§ WORK TO BE COMPLETED: Of the entries below, return exactly those lines that fall between the one containing "Offer a terse response. Urban." and the one containing "Keep it short and to the point. Comparison", the two end lines included.

[Items from a dataset]
»»
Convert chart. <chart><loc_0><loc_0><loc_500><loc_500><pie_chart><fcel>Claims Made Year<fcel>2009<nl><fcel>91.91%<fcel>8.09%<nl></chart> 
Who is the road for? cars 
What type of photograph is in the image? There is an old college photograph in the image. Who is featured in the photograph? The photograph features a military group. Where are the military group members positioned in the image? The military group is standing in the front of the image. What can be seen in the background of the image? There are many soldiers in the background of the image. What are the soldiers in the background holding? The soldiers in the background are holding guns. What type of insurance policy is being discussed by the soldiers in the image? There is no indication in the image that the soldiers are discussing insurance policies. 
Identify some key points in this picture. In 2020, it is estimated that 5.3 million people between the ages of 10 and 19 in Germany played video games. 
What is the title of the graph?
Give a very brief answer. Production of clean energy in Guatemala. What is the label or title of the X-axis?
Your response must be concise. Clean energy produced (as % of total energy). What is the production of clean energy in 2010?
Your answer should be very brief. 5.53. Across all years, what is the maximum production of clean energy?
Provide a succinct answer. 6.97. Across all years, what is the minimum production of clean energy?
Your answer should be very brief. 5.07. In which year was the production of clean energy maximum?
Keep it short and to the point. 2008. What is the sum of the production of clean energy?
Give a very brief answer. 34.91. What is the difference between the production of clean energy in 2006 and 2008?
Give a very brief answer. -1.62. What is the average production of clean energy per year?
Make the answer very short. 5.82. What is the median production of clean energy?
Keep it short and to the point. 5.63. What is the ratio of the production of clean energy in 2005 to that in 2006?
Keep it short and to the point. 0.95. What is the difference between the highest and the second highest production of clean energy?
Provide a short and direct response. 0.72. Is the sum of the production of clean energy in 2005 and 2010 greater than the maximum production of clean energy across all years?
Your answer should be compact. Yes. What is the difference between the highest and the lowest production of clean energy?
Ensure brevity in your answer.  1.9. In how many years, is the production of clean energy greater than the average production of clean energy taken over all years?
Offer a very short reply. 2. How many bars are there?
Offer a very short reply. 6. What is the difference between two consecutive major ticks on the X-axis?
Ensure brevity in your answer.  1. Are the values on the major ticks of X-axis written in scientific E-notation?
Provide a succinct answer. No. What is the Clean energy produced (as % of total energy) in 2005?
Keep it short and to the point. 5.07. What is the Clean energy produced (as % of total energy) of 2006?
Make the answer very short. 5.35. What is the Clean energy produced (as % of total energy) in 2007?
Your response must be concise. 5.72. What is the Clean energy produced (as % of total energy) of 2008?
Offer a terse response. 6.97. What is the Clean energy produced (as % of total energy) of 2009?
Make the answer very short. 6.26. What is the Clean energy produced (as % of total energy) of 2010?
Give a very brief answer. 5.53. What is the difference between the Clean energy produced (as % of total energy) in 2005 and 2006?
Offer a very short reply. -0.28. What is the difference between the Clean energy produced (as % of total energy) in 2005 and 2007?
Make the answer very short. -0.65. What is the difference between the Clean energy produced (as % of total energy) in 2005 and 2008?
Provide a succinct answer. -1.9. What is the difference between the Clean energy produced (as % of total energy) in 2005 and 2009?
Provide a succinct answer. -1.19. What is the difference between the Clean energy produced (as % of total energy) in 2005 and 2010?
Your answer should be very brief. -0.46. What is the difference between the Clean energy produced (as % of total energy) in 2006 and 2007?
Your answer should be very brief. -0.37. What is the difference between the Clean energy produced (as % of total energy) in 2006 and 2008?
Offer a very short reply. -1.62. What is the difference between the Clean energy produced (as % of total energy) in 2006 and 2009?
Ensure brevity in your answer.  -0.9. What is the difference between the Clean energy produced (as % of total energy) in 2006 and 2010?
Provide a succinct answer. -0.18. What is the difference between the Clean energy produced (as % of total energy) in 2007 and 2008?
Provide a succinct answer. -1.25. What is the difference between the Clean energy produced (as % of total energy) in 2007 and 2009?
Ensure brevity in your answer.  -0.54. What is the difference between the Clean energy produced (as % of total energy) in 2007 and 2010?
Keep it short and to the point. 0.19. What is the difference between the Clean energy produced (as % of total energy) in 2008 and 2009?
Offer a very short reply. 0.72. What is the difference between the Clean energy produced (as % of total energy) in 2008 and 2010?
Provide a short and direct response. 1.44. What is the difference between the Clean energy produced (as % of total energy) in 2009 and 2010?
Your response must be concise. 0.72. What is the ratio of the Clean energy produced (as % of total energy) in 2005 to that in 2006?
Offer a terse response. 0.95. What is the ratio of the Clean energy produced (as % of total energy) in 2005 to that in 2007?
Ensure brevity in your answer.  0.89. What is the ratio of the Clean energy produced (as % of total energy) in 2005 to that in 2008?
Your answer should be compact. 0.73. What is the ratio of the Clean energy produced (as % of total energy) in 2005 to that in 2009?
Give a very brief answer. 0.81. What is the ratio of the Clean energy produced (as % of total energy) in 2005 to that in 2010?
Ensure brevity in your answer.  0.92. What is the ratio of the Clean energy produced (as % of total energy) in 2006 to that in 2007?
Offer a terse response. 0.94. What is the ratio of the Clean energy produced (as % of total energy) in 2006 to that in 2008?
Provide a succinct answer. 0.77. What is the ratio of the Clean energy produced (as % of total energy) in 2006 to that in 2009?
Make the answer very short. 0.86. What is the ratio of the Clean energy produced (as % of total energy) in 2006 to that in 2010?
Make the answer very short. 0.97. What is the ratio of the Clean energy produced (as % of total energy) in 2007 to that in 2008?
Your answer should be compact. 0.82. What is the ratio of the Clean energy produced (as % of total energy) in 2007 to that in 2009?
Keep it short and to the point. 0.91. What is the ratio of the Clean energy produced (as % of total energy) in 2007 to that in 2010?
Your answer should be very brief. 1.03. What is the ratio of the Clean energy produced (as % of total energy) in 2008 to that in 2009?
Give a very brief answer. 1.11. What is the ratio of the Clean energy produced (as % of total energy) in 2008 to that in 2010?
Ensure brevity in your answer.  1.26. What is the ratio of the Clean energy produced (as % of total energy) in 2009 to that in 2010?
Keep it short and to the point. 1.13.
««
»»
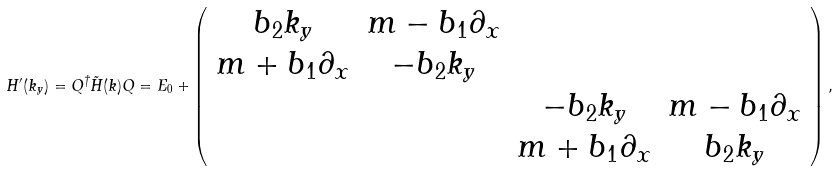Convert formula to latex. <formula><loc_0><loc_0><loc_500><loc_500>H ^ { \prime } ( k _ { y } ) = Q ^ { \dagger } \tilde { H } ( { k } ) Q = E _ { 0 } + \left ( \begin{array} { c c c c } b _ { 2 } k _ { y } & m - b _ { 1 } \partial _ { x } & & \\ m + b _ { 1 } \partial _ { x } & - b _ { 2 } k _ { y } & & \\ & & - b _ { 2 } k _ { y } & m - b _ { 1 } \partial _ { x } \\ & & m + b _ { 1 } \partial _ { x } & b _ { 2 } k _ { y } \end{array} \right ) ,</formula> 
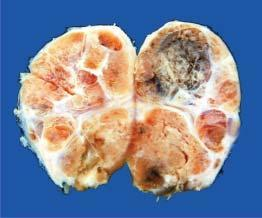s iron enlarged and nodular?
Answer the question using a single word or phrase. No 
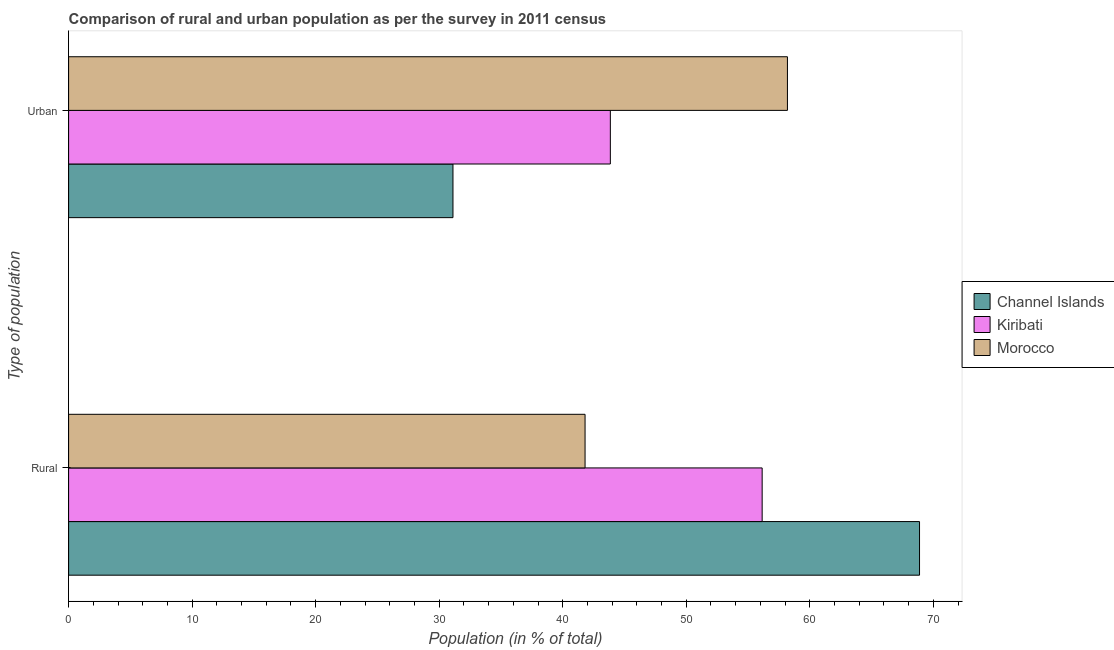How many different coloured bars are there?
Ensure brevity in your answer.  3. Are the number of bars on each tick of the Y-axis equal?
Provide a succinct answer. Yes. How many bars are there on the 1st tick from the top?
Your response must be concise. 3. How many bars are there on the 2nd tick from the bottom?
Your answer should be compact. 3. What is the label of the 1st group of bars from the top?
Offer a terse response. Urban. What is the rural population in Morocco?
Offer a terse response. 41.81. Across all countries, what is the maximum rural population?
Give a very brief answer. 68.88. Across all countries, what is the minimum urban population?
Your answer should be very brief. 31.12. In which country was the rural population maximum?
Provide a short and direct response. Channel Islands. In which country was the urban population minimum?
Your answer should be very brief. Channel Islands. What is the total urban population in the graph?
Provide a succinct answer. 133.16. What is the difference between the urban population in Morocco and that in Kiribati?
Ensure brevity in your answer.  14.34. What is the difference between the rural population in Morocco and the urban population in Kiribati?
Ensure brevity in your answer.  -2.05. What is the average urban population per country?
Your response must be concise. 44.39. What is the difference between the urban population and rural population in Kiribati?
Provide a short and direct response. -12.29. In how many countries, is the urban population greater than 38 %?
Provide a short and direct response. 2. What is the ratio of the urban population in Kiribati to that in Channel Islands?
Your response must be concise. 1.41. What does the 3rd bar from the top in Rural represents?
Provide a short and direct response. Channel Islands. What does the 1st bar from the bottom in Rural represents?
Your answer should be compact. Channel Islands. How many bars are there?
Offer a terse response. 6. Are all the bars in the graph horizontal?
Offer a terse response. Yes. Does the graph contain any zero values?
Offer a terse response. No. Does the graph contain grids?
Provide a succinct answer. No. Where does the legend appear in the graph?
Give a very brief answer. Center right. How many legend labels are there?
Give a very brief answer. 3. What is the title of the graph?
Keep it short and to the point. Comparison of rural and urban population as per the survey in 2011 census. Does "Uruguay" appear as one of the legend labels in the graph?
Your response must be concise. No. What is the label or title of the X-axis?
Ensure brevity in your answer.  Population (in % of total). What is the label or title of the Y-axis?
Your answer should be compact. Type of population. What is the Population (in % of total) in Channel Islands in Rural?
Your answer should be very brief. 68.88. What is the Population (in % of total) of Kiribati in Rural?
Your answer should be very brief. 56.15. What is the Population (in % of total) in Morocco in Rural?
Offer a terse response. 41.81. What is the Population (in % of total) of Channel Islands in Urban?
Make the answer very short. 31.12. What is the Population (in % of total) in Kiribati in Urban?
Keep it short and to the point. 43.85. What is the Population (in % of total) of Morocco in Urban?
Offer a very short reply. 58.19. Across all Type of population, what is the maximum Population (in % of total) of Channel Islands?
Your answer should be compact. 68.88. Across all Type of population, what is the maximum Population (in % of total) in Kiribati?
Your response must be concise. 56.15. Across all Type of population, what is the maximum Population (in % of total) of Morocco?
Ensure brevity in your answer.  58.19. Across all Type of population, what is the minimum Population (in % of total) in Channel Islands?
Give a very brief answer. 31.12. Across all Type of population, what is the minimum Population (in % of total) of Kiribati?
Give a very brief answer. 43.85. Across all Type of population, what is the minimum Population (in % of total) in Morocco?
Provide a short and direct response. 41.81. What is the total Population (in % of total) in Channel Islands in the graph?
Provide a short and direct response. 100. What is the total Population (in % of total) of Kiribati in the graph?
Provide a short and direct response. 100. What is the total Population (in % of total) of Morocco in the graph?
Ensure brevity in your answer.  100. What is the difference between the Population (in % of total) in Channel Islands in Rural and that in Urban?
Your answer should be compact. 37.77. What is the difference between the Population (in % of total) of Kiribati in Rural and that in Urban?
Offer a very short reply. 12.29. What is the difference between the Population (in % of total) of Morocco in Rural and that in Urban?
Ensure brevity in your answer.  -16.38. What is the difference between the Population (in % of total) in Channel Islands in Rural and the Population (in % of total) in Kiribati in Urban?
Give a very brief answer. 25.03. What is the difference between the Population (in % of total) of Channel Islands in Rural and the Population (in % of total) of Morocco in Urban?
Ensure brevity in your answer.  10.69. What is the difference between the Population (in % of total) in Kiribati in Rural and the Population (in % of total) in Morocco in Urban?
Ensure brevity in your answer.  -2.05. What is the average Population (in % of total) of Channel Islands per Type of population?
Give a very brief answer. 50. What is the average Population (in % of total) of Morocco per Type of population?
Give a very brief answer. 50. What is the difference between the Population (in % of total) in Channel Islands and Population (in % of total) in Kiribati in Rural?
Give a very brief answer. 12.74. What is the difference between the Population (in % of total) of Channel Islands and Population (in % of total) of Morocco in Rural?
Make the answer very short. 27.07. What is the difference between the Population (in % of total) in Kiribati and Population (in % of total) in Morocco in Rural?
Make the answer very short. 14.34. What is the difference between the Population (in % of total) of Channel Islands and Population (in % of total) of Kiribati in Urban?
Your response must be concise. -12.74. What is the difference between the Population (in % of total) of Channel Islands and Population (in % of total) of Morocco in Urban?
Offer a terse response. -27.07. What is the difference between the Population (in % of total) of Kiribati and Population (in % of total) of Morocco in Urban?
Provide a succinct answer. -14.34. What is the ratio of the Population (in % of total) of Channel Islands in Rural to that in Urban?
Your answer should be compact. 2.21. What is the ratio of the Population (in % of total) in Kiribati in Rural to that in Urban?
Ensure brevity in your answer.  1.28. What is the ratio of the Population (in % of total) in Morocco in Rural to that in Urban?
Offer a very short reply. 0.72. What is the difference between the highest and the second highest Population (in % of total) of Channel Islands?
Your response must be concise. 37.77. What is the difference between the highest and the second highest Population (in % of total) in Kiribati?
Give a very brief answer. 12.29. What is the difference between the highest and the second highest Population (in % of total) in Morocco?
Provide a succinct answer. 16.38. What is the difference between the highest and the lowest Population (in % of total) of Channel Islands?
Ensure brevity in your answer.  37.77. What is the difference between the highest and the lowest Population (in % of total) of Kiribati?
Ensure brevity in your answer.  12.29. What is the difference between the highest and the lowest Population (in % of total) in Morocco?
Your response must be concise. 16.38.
««
§ ANSWER TO THE PROBLEM:
Offer a terse response. Urban. What is the rural population in Morocco?
Offer a terse response. 41.81. Across all countries, what is the maximum rural population?
Give a very brief answer. 68.88. Across all countries, what is the minimum urban population?
Your answer should be very brief. 31.12. In which country was the rural population maximum?
Provide a short and direct response. Channel Islands. In which country was the urban population minimum?
Your answer should be very brief. Channel Islands. What is the total urban population in the graph?
Provide a succinct answer. 133.16. What is the difference between the urban population in Morocco and that in Kiribati?
Ensure brevity in your answer.  14.34. What is the difference between the rural population in Morocco and the urban population in Kiribati?
Ensure brevity in your answer.  -2.05. What is the average urban population per country?
Your response must be concise. 44.39. What is the difference between the urban population and rural population in Kiribati?
Provide a short and direct response. -12.29. In how many countries, is the urban population greater than 38 %?
Provide a short and direct response. 2. What is the ratio of the urban population in Kiribati to that in Channel Islands?
Your response must be concise. 1.41. What does the 3rd bar from the top in Rural represents?
Provide a short and direct response. Channel Islands. What does the 1st bar from the bottom in Rural represents?
Your answer should be compact. Channel Islands. How many bars are there?
Offer a terse response. 6. Are all the bars in the graph horizontal?
Offer a terse response. Yes. Does the graph contain any zero values?
Offer a terse response. No. Does the graph contain grids?
Provide a succinct answer. No. Where does the legend appear in the graph?
Give a very brief answer. Center right. How many legend labels are there?
Give a very brief answer. 3. What is the title of the graph?
Keep it short and to the point. Comparison of rural and urban population as per the survey in 2011 census. Does "Uruguay" appear as one of the legend labels in the graph?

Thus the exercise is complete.